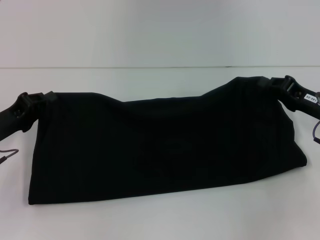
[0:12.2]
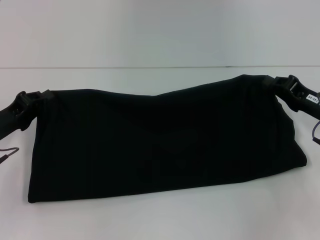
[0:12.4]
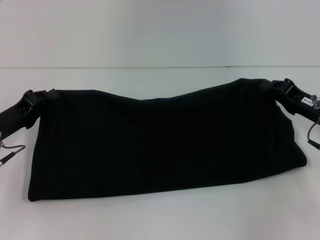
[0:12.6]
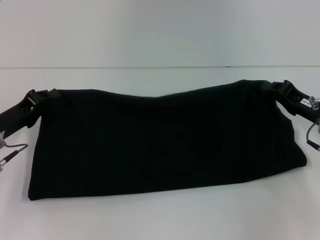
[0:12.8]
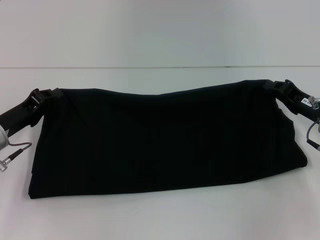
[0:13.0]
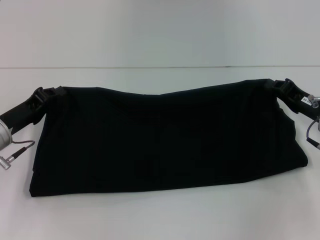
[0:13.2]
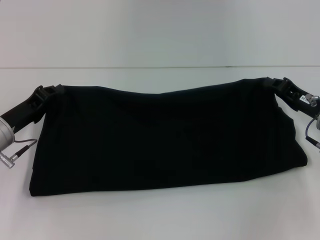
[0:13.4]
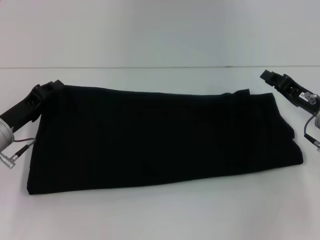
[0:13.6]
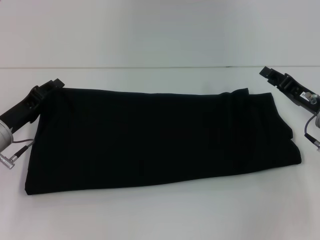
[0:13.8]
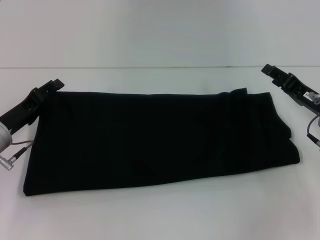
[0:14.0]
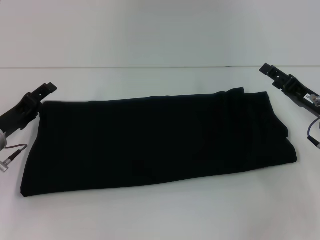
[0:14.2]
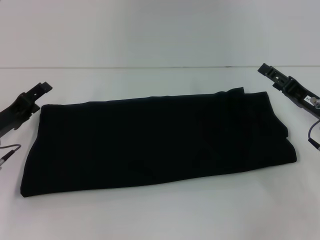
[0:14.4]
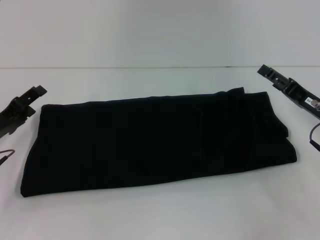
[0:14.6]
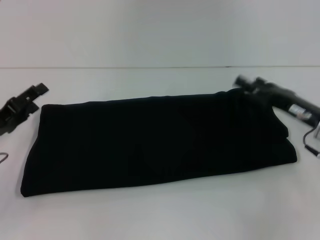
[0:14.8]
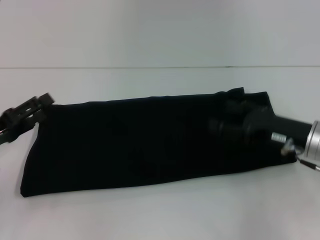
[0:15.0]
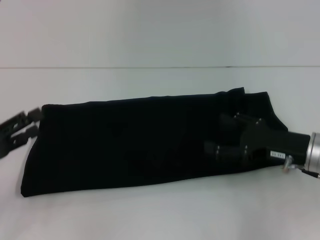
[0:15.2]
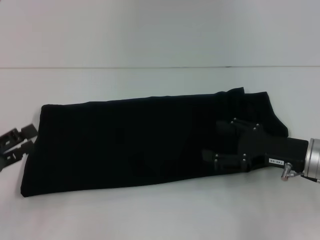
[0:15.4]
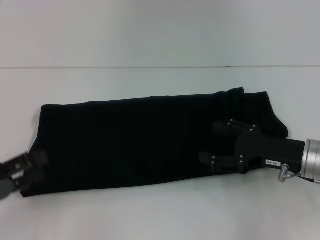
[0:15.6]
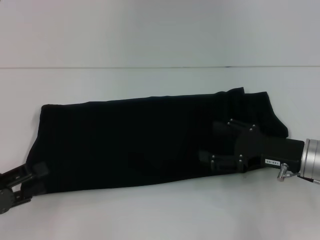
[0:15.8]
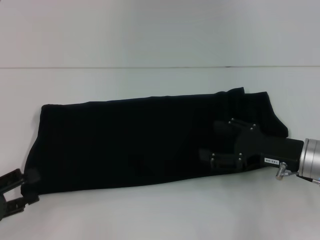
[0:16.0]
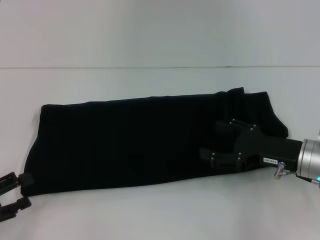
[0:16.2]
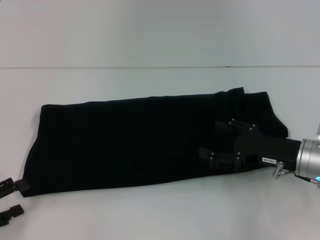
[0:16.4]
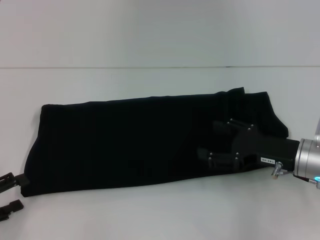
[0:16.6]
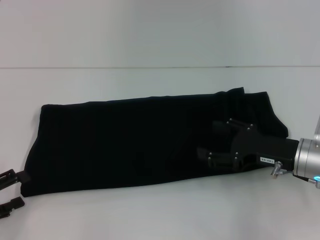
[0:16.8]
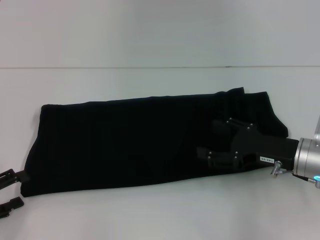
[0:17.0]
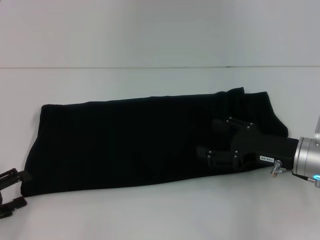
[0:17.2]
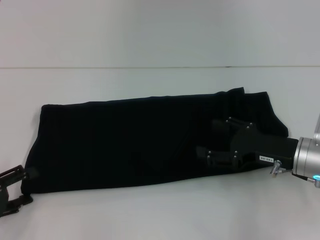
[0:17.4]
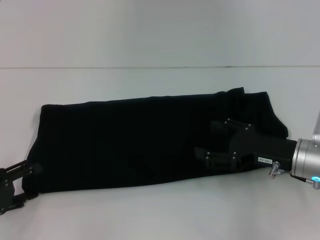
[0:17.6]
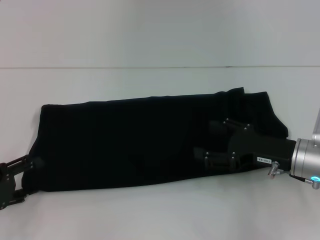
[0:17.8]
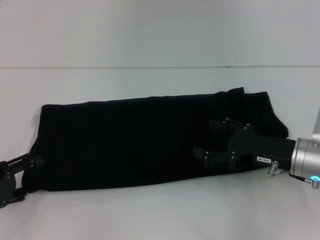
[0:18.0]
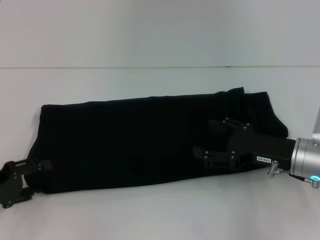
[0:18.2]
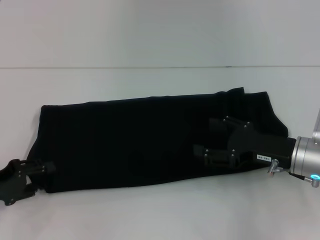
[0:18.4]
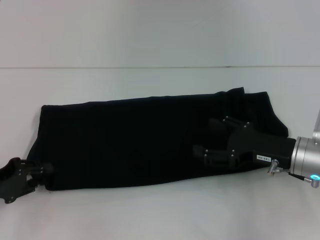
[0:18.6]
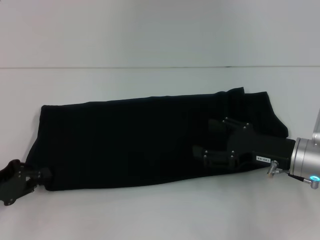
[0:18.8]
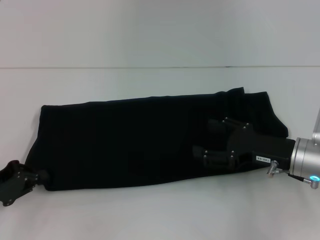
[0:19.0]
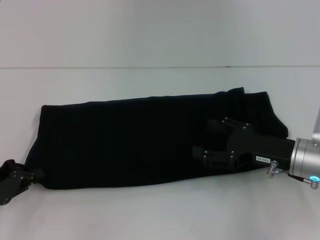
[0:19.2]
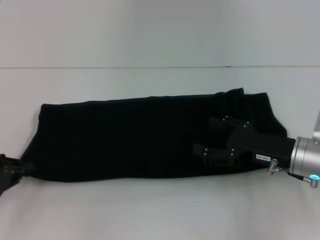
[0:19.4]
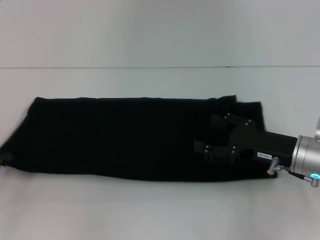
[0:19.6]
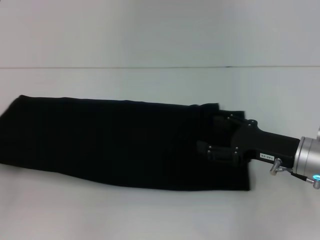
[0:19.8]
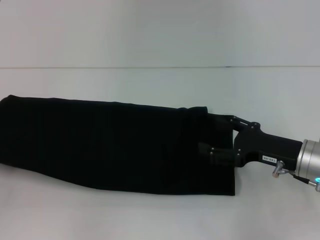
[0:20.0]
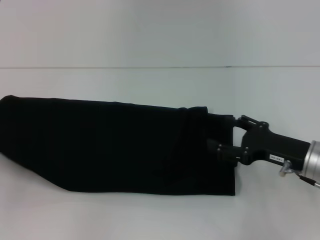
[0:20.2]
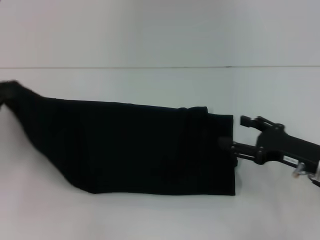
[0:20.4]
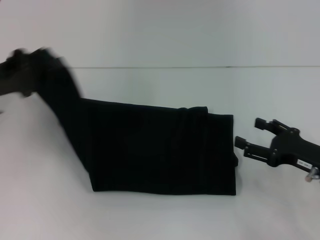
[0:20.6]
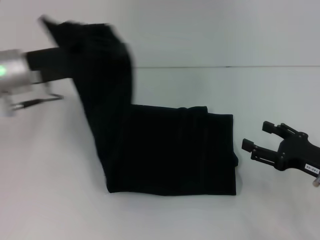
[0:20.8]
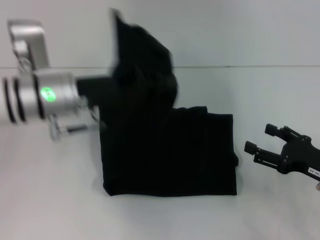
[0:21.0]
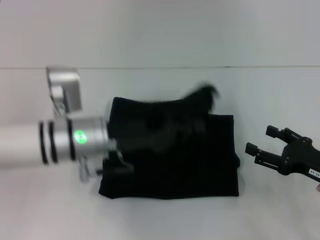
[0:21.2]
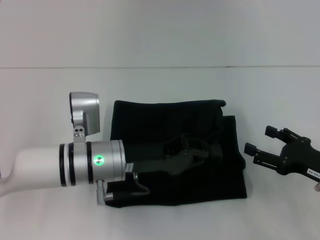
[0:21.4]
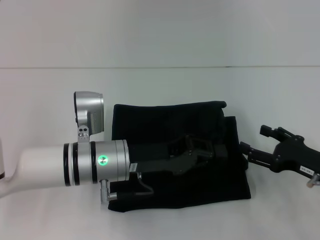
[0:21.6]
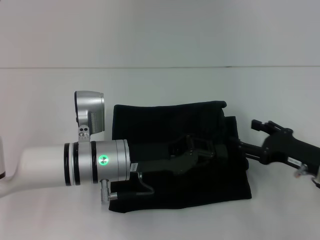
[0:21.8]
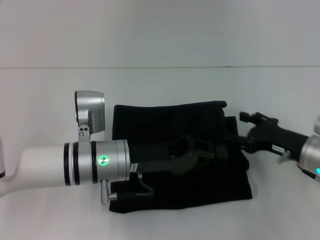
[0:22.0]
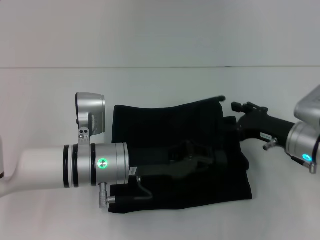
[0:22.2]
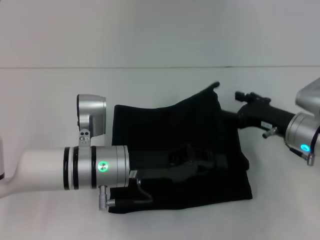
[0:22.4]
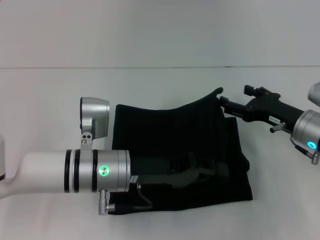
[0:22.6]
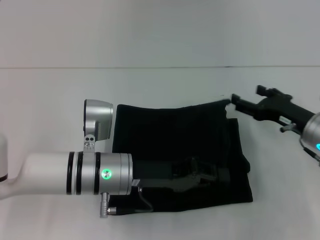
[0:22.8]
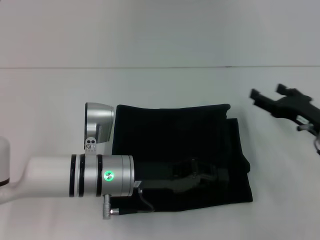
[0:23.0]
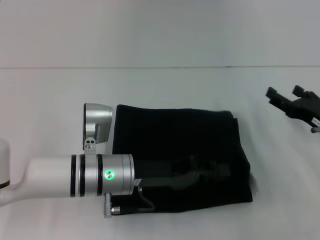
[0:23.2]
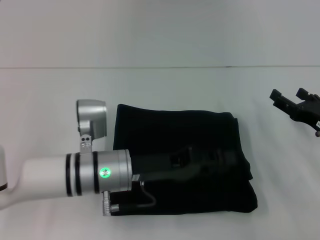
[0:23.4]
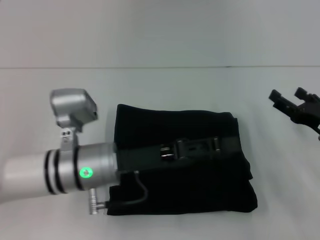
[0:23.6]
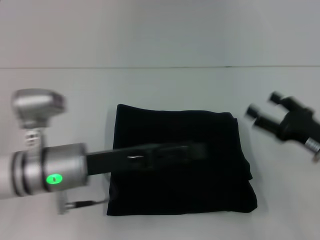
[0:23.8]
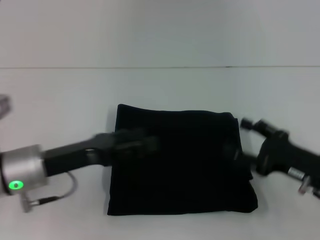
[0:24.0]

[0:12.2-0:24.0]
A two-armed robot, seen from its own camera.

+--

**Problem to work on:** All of the data above should be printed again exactly, though none of the pictures belong in the copy.

**Task response:**
[0:12.2]
[0:12.4]
[0:12.6]
[0:12.8]
[0:13.0]
[0:13.2]
[0:13.4]
[0:13.6]
[0:13.8]
[0:14.0]
[0:14.2]
[0:14.4]
[0:14.6]
[0:14.8]
[0:15.0]
[0:15.2]
[0:15.4]
[0:15.6]
[0:15.8]
[0:16.0]
[0:16.2]
[0:16.4]
[0:16.6]
[0:16.8]
[0:17.0]
[0:17.2]
[0:17.4]
[0:17.6]
[0:17.8]
[0:18.0]
[0:18.2]
[0:18.4]
[0:18.6]
[0:18.8]
[0:19.0]
[0:19.2]
[0:19.4]
[0:19.6]
[0:19.8]
[0:20.0]
[0:20.2]
[0:20.4]
[0:20.6]
[0:20.8]
[0:21.0]
[0:21.2]
[0:21.4]
[0:21.6]
[0:21.8]
[0:22.0]
[0:22.2]
[0:22.4]
[0:22.6]
[0:22.8]
[0:23.0]
[0:23.2]
[0:23.4]
[0:23.6]
[0:23.8]
[0:24.0]

[0:12.2-0:24.0]
A two-armed robot, seen from its own camera.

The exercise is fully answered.